Q23: How would you model the impact of a new well program on an E&P's valuation?
Start with the company's development plan: how many wells per year, in which zones, at what cost per well. Apply the relevant type curve to each well to generate production volumes by product. Multiply by commodity prices (net of basis differentials) to get revenue, subtract LOE and taxes to get net revenue, deduct the drilling and completion cost, and discount the net cash flow at the appropriate rate. If the net present value of the well is positive, it adds value to the NAV; if negative, the well should not be drilled. The aggregate value of all planned wells is the PUD component of the NAV.
Q24: How does the energy transition affect E&P valuation?

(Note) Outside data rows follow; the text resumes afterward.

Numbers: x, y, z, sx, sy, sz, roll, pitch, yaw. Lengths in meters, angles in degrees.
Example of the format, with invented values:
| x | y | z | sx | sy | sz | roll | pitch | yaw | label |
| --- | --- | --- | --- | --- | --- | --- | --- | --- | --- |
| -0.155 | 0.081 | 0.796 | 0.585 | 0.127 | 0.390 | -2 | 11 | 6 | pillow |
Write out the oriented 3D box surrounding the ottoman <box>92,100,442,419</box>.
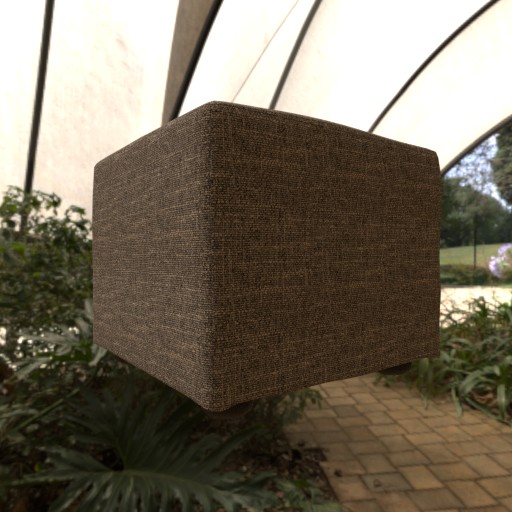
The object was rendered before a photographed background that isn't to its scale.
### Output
| x | y | z | sx | sy | sz | roll | pitch | yaw | label |
| --- | --- | --- | --- | --- | --- | --- | --- | --- | --- |
| 0.000 | 0.000 | 0.893 | 0.512 | 0.453 | 0.521 | 0 | 1 | -36 | ottoman |

The energy transition introduces long-term demand uncertainty for oil and gas, which can affect the discount rate (investors may require a higher return for long-dated hydrocarbon assets) and the long-term price assumption (if oil demand peaks, long-term prices may be lower). Some analysts apply a "terminal value haircut" or shorten the reserve life assumption to reflect the possibility that not all reserves will be economically extracted in a lower-demand world. European majors (Shell, BP, TotalEnergies) trade at lower multiples than US peers partly because of transition-related portfolio concerns.
Rapid-Fire Questions
Q25: What is a crack spread? The difference between refined product prices and crude oil input cost. The 3-2-1 crack spread (3 barrels crude = 2 barrels gasoline + 1 barrel distillate) is the standard measure of refining profitability.
Q26: What is DACF? Debt-adjusted cash flow, calculated as operating cash flow plus interest expense minus working capital changes. It provides a capital-structure-neutral cash flow metric for E&P comparison, commonly used alongside EV/EBITDAX.
Q27: What is a BOE? Barrel of oil equivalent, a unit that converts natural gas and NGLs to an oil-equivalent basis. 1 BOE = 6 Mcf of gas (energy-equivalent, not price-equivalent). The price-equivalence ratio is much wider since oil is worth approximately 6x more per BOE than gas.
Q28: What is an MLP? A master limited partnership, the historical structure for midstream companies that provided tax-advantaged pass-through income. Most large MLPs have converted to C-corps, but the structure is still relevant for understanding midstream history and certain remaining entities.
Q29: What is the IRA? The Inflation Reduction Act, which created approximately $369 billion in clean energy incentives including the ITC (30% investment tax credit), PTC (production tax credit), and 45Q ($85/ton for carbon capture). The OBBBA modified some provisions in mid-2025.
Q30: What is a spark spread? The margin between the price of electricity and the cost of the natural gas fuel used to generate it. Calculated as: electricity price (per MWh) minus gas price times heat rate. Spark spreads are the primary profitability metric for gas-fired merchant power generators.